Not all of us, however, are so scientifically minded that we can enjoy filming and viewing appendectomies, spirozoa, or Pleistocene deposits. Fortunately, such things do not entirely exhaust the range of possible subjects for advanced filming. Far from it! There is hardly a phase of normal modern life which has not the germ of a screen subject latent somewhere within it. For instance, four out of every five adults are either golfers, or golf -widows; and what a series of interesting reels cannot be built up around that ancient and honorable game! Imagine the endless possibilities of normal-speed, slow-motion and natural-color reels merely of one's own game. Then similar studies of the play of champions, supplemented by the reels
commercially obtainable of the same subjects. And this holds good for tennis, baseball, cricket, football and all the sports. Racing? What endless and spectacular opportunities the followers of the turf have! And as for the rapidly-growing air clan — what can't they do? Imagine the thrilling interest of making and owning a series of reels showing the rudiments of flying — the outstanding types of planes at rest and in action — of scenes from aloft on one's own flights — and of famous flyers and their machines. How interesting and valuable we'd find such films of the pioneer flyers and their amazing little machines — and today's men and machines will be just as interesting tomorrow. But aircraft alone need not be the sole subjects of such collections. There are photographers who have for years specialized in building up collections of still pictures of locomotives, of motor-cars, of ships, and even of bridges. Now imagine the interest of making such a series in motion — perhaps also in color !

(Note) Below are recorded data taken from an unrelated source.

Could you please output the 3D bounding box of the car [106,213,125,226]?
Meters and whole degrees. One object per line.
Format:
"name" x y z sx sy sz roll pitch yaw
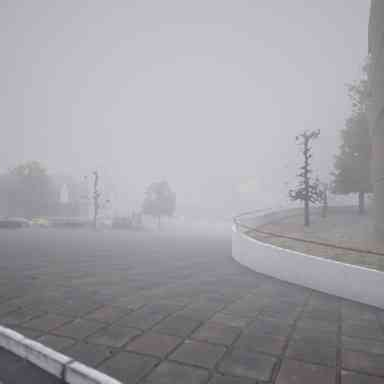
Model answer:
"car" -20.873 7.470 90.906 2.185 1.767 4.553 0 1 10

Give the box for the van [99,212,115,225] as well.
"van" -23.454 7.323 92.576 1.878 1.987 4.442 0 1 10

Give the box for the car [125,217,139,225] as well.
"car" -15.756 7.719 87.799 2.163 1.488 4.792 1 1 9

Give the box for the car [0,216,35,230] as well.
"car" -19.677 3.306 35.033 1.882 1.535 5.008 -1 -6 24

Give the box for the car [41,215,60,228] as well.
"car" -23.236 4.569 49.674 5.366 1.575 1.946 0 -5 5

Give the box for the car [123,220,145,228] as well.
"car" -11.039 6.171 63.413 1.812 1.442 4.674 -1 -6 25

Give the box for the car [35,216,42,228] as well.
"car" -24.313 4.331 46.922 4.674 1.452 2.002 0 -6 5

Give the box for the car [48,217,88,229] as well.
"car" -17.954 4.689 48.294 1.895 1.301 4.718 -1 -6 24

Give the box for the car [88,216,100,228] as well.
"car" -19.271 5.420 57.865 4.892 1.521 2.231 0 -5 5

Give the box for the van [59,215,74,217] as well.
"van" -21.673 4.631 52.412 4.442 1.987 1.878 0 -6 5

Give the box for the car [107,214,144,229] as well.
"car" -10.848 5.079 54.803 2.150 2.045 5.566 -1 -6 24

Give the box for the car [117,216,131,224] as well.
"car" -18.220 7.633 89.612 1.946 1.575 5.366 0 1 10

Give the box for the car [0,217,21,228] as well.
"car" -25.556 4.049 44.174 4.674 1.452 2.002 0 -5 5
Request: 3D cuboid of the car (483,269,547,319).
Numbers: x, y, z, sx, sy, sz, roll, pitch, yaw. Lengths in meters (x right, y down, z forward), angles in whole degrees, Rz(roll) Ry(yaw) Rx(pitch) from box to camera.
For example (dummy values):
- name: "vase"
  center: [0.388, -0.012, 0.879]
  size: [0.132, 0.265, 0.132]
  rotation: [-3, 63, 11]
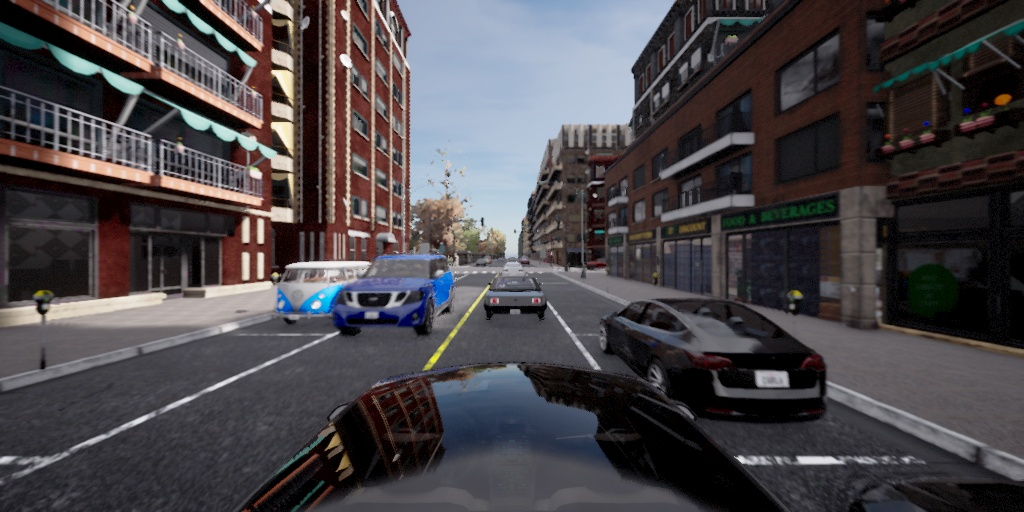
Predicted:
- name: "car"
  center: [0.100, 1.321, 12.592]
  size: [1.895, 1.301, 4.718]
  rotation: [0, 0, 0]

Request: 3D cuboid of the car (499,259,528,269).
- name: "car"
  center: [0.102, 1.208, 28.913]
  size: [1.812, 1.442, 4.674]
  rotation: [0, 0, 0]

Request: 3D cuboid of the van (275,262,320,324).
- name: "van"
  center: [-5.689, 1.064, 11.456]
  size: [1.690, 1.789, 3.998]
  rotation: [0, 0, 0]

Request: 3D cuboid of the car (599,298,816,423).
- name: "car"
  center: [2.691, 1.305, 5.794]
  size: [1.948, 1.339, 4.313]
  rotation: [0, 0, 0]

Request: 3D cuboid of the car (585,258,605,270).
- name: "car"
  center: [13.455, 1.236, 54.162]
  size: [5.009, 1.841, 2.192]
  rotation: [0, 0, -1]

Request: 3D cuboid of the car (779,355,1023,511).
- name: "car"
  center: [2.691, 1.321, 0.132]
  size: [1.948, 1.339, 4.313]
  rotation: [0, 0, 0]

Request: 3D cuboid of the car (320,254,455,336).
- name: "car"
  center: [-3.099, 0.947, 10.684]
  size: [2.150, 2.045, 5.566]
  rotation: [0, 0, 0]
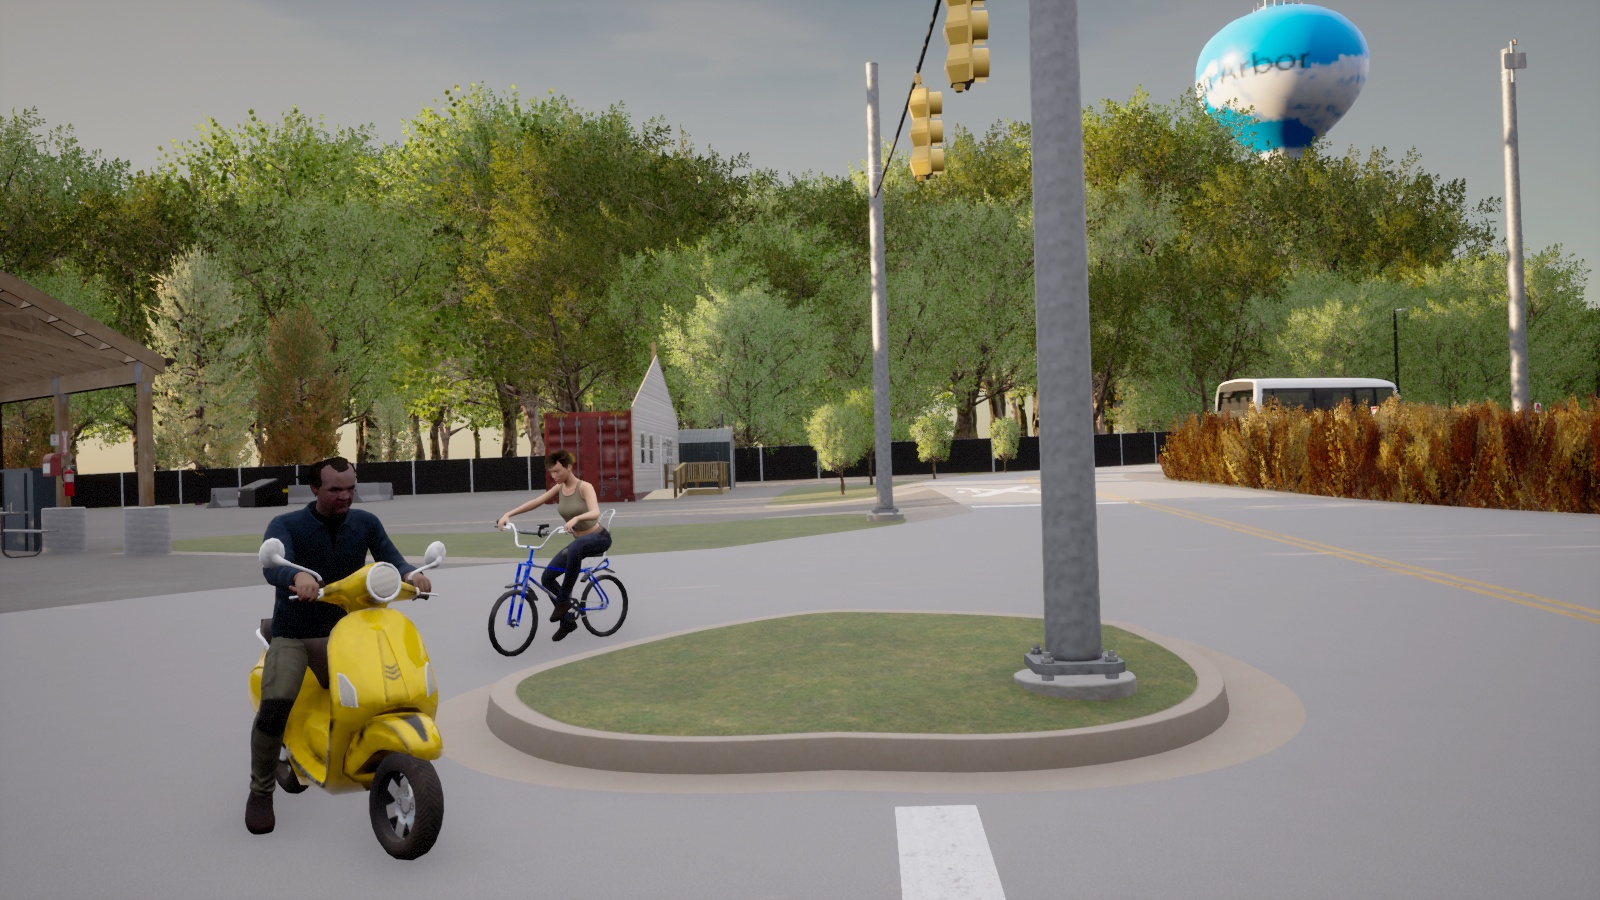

Then, consider all of the interesting things that can be filmed during even a short vacation. Aside from the beaten paths of vacation films there are innumerable possibilities. In fact, the little, ordinarily-overlooked subjects are often more interesting than the more obvious ones. Short reels, for example, on wild life, flowers, clouds, and so on, can be made objects of lasting interest. A few years ago, for instance, the writer, while on a vacation trip in Southern Oregon, found enough material between times to make a fascinating little reel merely on rivers! Another time, a vacation on an Eastern farm resulted in several reels showing in detail the various operations of farm life — planting, cultivating, harvesting of crops, stock-raising, and so on.
Fields Are Varied But there are vast fields of interest quite aside from these more or less mechanical films. Wherever we are, whatever we do, can in some way be conceived as an interesting subject. Visit an exhibition of paintings or a salon of pictorial photography. What diverse subjects have been turned into beautiful pictures by the magic of the artist's brush or lens! Little things we ordinarily pass by unnoticed, yet having within them, latently, the seeds of beauty and interest. I recall at a recent salon a most striking print which showed merely the rear axle and wheels of some forgotten Ford, half submerged in the oily water of a squalid ditch — yet the photographer's eye had seen the spark of interest in it, and had made of it a most original and decorative picture.
We need not deliberately seek the junk yards in search of such objects of potential interest and beauty. Every day there pass by us scores of little scenes which could be made lasting pictures of beauty and interest, did we but see and record them.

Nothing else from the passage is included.